Compreender a organização do trabalho pedagógico no ensino remoto, proposto por diferentes sistemas e redes de ensino, nos remete a pensar sobre a relação intrínseca entre objetivos e avaliação. Ambos atuam em conjunto. A avaliação fornece elementos para iniciar o trabalho pedagógico, para garantir sua continuidade ou sua reorganização em atendimento aos objetivos previamente estabelecidos e outros surgidos enquanto ele se concretiza.
No caso do ensino remoto em desenvolvimento nas escolas públicas do DF, interessa-nos saber qual é a real finalidade do processo avaliativo: contribuir para a construção das aprendizagens ou comprovar a não aprendizagem, já que os que não puderem acompanhar o trabalho remoto não terão direito às aprendizagens?
A realização de atividades sem a devida mediação pedagógica e acompanhamento sistemático de professores pode ser um recurso utilizado na tentativa de diminuir os impactos da pandemia. Entretanto, a validação dessas atividades como dia letivo potencializará a exclusão dos estudantes sem condições de acompanharem as aulas remotas, o que aumentará as desigualdades educacionais. Além disso, ampliará as possibilidades de avaliação informal negativa. Sem condições de mediar o ensino, pais e familiares podem reforçar avaliações desencorajadoras, contribuindo para um clima tenso e desanimador para os filhos/estudantes.
O ensino remoto, na presente situação, corre o risco de não atender a um dos princípios básicos do trabalho pedagógico: a salutar relação pedagógica que se estabelece entre os estudantes e entre estes e os professores. A falta de interação empobrece o ensino e a avaliação. Perpetua-se a velha lógica: conteúdo dado, conteúdo cumprido.
A máxima que vem sendo difundida: “a escola precisa se reinventar” ou “o professor/a precisa se reinventar” precisa ser vista com cautela. Estamos em período de crise sanitária. Não vamos usar esse momento para banalizar ou simplificar o trabalho escolar.
Portanto, não há pontos e contrapontos. Temos um país com imenso abismo social e um pobre investimento em educação. Neste momento de enormes sacrifícios, precisamos de ter cuidado com a cultura do “oportunismo”. Não precisamos de Estado mínimo! Ao contrário, queremos mais ações sociais e um Estado que consiga de fato alcançar quem mais necessita. As escolas não precisam de pacotes tecnológicos, mas de recursos, valorização da carreira docente e gestão pública comprometida com a construção de uma educação de qualidade social.
O que pode ser feito?
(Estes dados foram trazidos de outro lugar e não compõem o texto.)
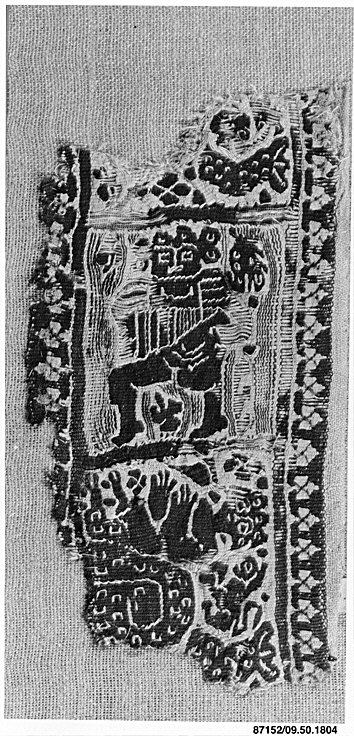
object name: band fragment
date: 301-500
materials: linen, wool
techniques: weave
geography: egypt
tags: human figures
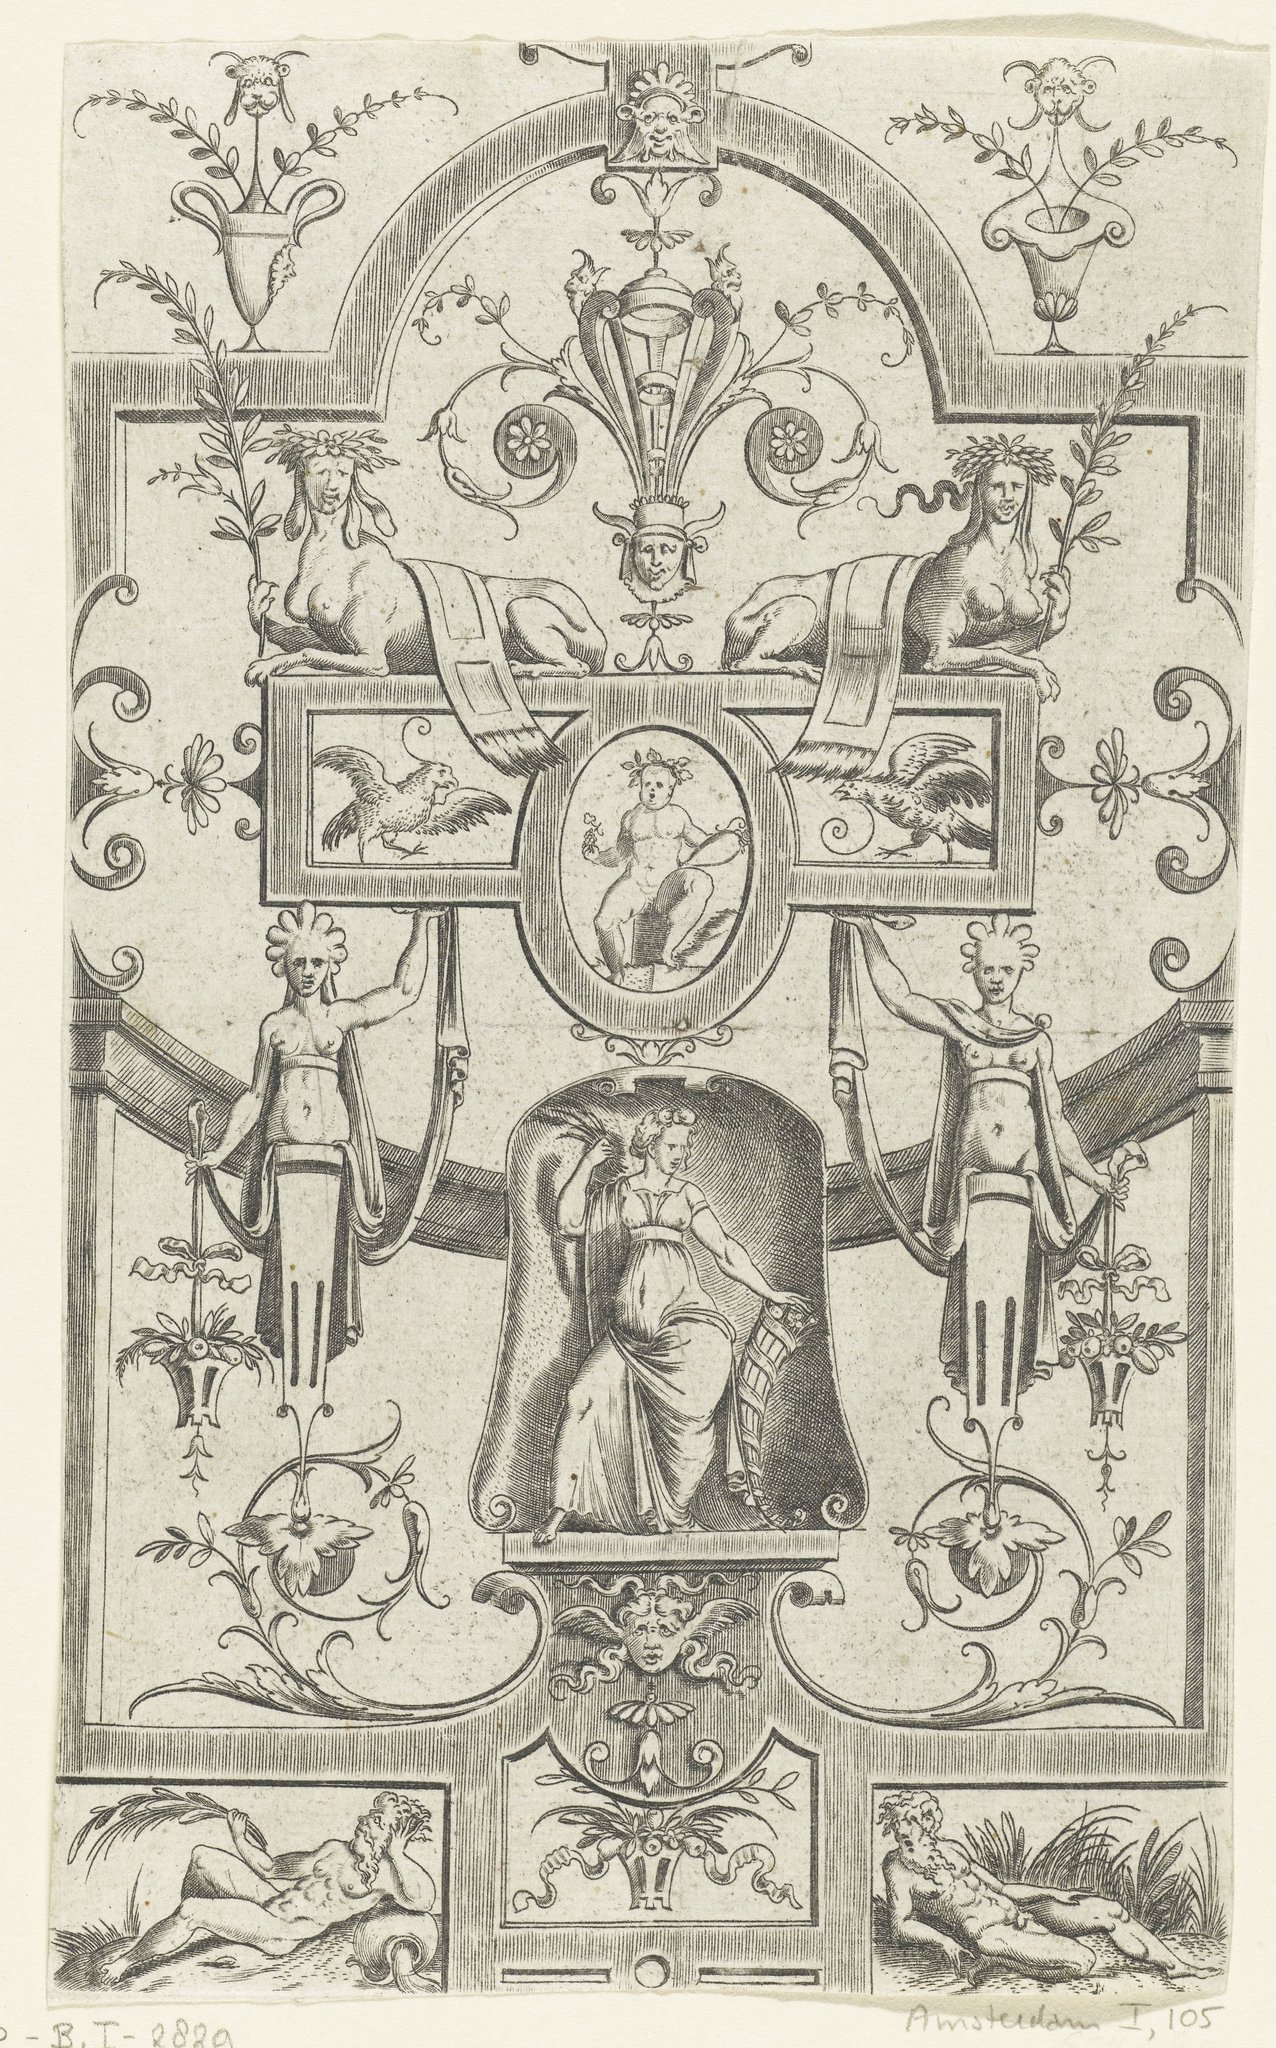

Pensando em alternativas
Diante da situação de calamidade pública que vivemos, o GEPA entende que o número de dias letivos só pode ser considerado a partir do retorno às atividades presenciais, o que exigirá a integração dos anos letivos de 2020 e 2021.
E como fazer com os estudantes do 3º ano do Ensino Médio, os concluintes da Educação de Jovens e Adultos e os da Educação Profissional? Excepcionalmente, para estes grupos, a SEDF poderá complementar o ensino remoto emergencial com atividades síncronas e interativas, desde que providencie as devidas condições de acesso para todos.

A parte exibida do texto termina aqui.